#### The input:
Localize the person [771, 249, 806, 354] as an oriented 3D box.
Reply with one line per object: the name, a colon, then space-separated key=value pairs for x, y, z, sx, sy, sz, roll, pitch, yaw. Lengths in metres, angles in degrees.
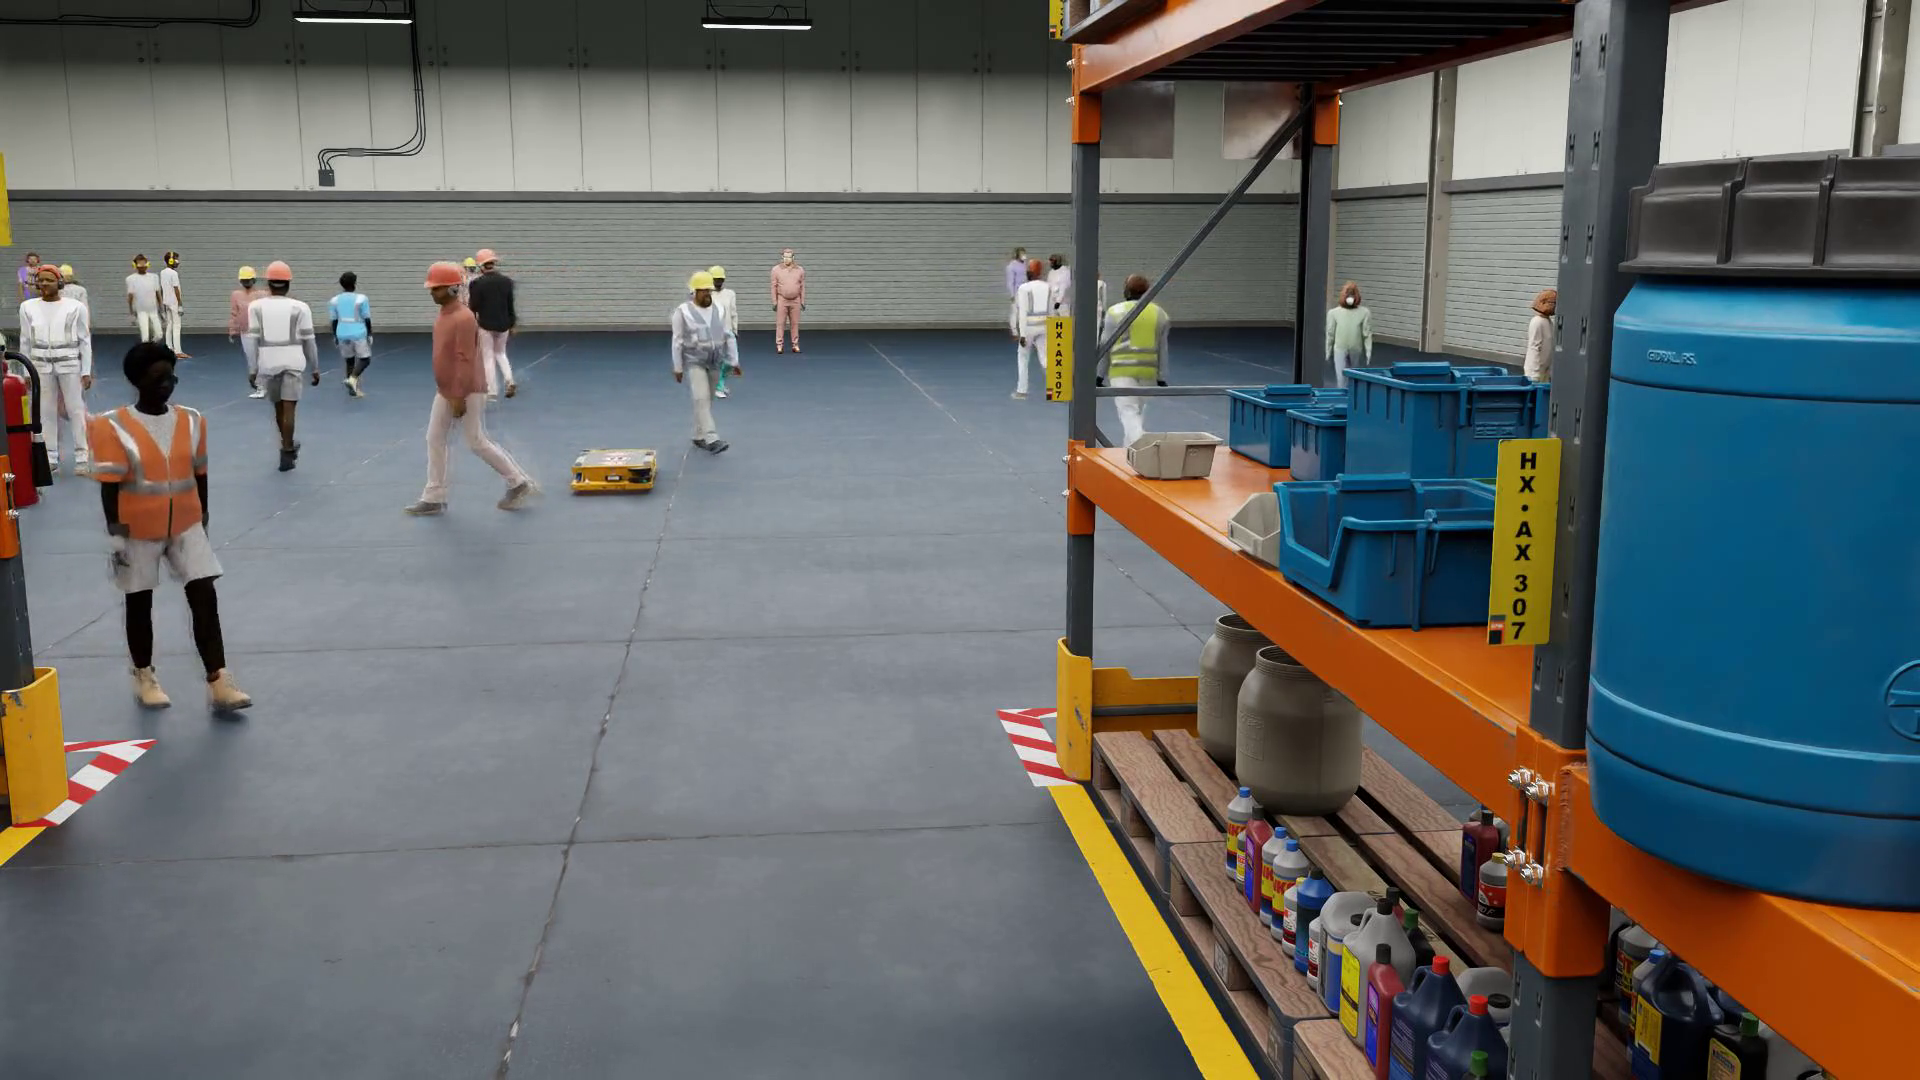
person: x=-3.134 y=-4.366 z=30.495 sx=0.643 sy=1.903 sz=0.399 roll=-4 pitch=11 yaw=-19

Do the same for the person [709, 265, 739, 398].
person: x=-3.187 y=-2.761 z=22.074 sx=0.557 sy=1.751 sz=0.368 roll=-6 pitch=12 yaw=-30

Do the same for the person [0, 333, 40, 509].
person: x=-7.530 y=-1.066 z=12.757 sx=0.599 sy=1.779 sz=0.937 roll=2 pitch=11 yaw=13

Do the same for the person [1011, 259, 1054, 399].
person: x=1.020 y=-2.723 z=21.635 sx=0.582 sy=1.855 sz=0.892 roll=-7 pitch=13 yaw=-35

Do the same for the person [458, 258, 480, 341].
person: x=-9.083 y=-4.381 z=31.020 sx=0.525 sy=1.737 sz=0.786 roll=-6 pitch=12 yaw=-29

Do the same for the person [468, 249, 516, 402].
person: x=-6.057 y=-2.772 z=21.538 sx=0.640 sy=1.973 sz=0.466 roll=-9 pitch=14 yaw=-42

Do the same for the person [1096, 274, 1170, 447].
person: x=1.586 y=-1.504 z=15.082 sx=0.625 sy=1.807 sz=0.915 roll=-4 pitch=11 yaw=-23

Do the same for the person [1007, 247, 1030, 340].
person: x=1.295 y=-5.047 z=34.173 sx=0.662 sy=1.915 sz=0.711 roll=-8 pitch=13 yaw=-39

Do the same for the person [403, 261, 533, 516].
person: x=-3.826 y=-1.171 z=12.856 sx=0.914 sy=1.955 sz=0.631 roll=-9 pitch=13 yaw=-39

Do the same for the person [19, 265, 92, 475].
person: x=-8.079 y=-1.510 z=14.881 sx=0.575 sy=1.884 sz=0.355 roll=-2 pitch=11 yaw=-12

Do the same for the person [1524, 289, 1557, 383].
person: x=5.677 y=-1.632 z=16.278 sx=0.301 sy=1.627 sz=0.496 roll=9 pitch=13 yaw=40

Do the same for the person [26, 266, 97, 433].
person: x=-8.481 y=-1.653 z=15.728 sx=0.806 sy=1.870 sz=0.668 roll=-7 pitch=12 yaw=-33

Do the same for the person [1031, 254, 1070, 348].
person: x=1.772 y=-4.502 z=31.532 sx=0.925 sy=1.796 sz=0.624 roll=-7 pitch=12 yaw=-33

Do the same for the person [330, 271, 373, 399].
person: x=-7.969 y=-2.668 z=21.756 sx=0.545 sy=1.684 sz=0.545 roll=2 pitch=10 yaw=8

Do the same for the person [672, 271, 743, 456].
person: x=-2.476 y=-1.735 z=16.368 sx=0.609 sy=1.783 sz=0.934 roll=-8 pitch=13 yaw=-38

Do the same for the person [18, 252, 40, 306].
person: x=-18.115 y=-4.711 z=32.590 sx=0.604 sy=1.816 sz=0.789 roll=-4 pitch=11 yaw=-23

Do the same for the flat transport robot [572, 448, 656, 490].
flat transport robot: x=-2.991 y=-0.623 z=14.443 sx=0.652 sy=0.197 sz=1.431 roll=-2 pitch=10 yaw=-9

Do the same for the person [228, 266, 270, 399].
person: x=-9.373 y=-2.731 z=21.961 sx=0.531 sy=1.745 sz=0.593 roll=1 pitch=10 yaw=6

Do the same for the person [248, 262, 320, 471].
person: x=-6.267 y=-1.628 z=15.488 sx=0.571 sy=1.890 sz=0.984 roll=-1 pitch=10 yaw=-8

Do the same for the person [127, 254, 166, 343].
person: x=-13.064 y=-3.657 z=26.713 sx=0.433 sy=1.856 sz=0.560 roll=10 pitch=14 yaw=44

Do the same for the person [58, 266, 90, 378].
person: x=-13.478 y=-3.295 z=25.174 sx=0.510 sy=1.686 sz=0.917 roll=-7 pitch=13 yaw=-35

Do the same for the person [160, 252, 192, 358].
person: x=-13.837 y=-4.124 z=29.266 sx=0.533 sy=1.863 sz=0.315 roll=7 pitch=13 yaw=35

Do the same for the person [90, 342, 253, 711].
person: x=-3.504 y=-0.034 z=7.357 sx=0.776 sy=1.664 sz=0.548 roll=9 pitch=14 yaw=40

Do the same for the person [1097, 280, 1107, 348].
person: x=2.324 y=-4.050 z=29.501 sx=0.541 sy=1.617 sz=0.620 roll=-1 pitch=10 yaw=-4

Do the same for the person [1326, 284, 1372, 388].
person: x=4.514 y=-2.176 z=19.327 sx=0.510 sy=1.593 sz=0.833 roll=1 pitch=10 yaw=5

#### Task statement:
Images must not appear in the copy; reproduce everything else in the records verbatim.

#### Answer section:
Localize the person [771, 249, 806, 354] as an oriented 3D box.
Reply with one line per object: the name, a colon, then space-separated key=value pairs for x, y, z, sx, sy, sz, roll, pitch, yaw. Lengths in metres, angles in degrees.
person: x=-3.134 y=-4.366 z=30.495 sx=0.643 sy=1.903 sz=0.399 roll=-4 pitch=11 yaw=-19

Do the same for the person [709, 265, 739, 398].
person: x=-3.187 y=-2.761 z=22.074 sx=0.557 sy=1.751 sz=0.368 roll=-6 pitch=12 yaw=-30

Do the same for the person [0, 333, 40, 509].
person: x=-7.530 y=-1.066 z=12.757 sx=0.599 sy=1.779 sz=0.937 roll=2 pitch=11 yaw=13

Do the same for the person [1011, 259, 1054, 399].
person: x=1.020 y=-2.723 z=21.635 sx=0.582 sy=1.855 sz=0.892 roll=-7 pitch=13 yaw=-35

Do the same for the person [458, 258, 480, 341].
person: x=-9.083 y=-4.381 z=31.020 sx=0.525 sy=1.737 sz=0.786 roll=-6 pitch=12 yaw=-29

Do the same for the person [468, 249, 516, 402].
person: x=-6.057 y=-2.772 z=21.538 sx=0.640 sy=1.973 sz=0.466 roll=-9 pitch=14 yaw=-42

Do the same for the person [1096, 274, 1170, 447].
person: x=1.586 y=-1.504 z=15.082 sx=0.625 sy=1.807 sz=0.915 roll=-4 pitch=11 yaw=-23

Do the same for the person [1007, 247, 1030, 340].
person: x=1.295 y=-5.047 z=34.173 sx=0.662 sy=1.915 sz=0.711 roll=-8 pitch=13 yaw=-39

Do the same for the person [403, 261, 533, 516].
person: x=-3.826 y=-1.171 z=12.856 sx=0.914 sy=1.955 sz=0.631 roll=-9 pitch=13 yaw=-39

Do the same for the person [19, 265, 92, 475].
person: x=-8.079 y=-1.510 z=14.881 sx=0.575 sy=1.884 sz=0.355 roll=-2 pitch=11 yaw=-12

Do the same for the person [1524, 289, 1557, 383].
person: x=5.677 y=-1.632 z=16.278 sx=0.301 sy=1.627 sz=0.496 roll=9 pitch=13 yaw=40

Do the same for the person [26, 266, 97, 433].
person: x=-8.481 y=-1.653 z=15.728 sx=0.806 sy=1.870 sz=0.668 roll=-7 pitch=12 yaw=-33

Do the same for the person [1031, 254, 1070, 348].
person: x=1.772 y=-4.502 z=31.532 sx=0.925 sy=1.796 sz=0.624 roll=-7 pitch=12 yaw=-33

Do the same for the person [330, 271, 373, 399].
person: x=-7.969 y=-2.668 z=21.756 sx=0.545 sy=1.684 sz=0.545 roll=2 pitch=10 yaw=8

Do the same for the person [672, 271, 743, 456].
person: x=-2.476 y=-1.735 z=16.368 sx=0.609 sy=1.783 sz=0.934 roll=-8 pitch=13 yaw=-38

Do the same for the person [18, 252, 40, 306].
person: x=-18.115 y=-4.711 z=32.590 sx=0.604 sy=1.816 sz=0.789 roll=-4 pitch=11 yaw=-23

Do the same for the flat transport robot [572, 448, 656, 490].
flat transport robot: x=-2.991 y=-0.623 z=14.443 sx=0.652 sy=0.197 sz=1.431 roll=-2 pitch=10 yaw=-9

Do the same for the person [228, 266, 270, 399].
person: x=-9.373 y=-2.731 z=21.961 sx=0.531 sy=1.745 sz=0.593 roll=1 pitch=10 yaw=6

Do the same for the person [248, 262, 320, 471].
person: x=-6.267 y=-1.628 z=15.488 sx=0.571 sy=1.890 sz=0.984 roll=-1 pitch=10 yaw=-8

Do the same for the person [127, 254, 166, 343].
person: x=-13.064 y=-3.657 z=26.713 sx=0.433 sy=1.856 sz=0.560 roll=10 pitch=14 yaw=44

Do the same for the person [58, 266, 90, 378].
person: x=-13.478 y=-3.295 z=25.174 sx=0.510 sy=1.686 sz=0.917 roll=-7 pitch=13 yaw=-35

Do the same for the person [160, 252, 192, 358].
person: x=-13.837 y=-4.124 z=29.266 sx=0.533 sy=1.863 sz=0.315 roll=7 pitch=13 yaw=35

Do the same for the person [90, 342, 253, 711].
person: x=-3.504 y=-0.034 z=7.357 sx=0.776 sy=1.664 sz=0.548 roll=9 pitch=14 yaw=40

Do the same for the person [1097, 280, 1107, 348].
person: x=2.324 y=-4.050 z=29.501 sx=0.541 sy=1.617 sz=0.620 roll=-1 pitch=10 yaw=-4

Do the same for the person [1326, 284, 1372, 388].
person: x=4.514 y=-2.176 z=19.327 sx=0.510 sy=1.593 sz=0.833 roll=1 pitch=10 yaw=5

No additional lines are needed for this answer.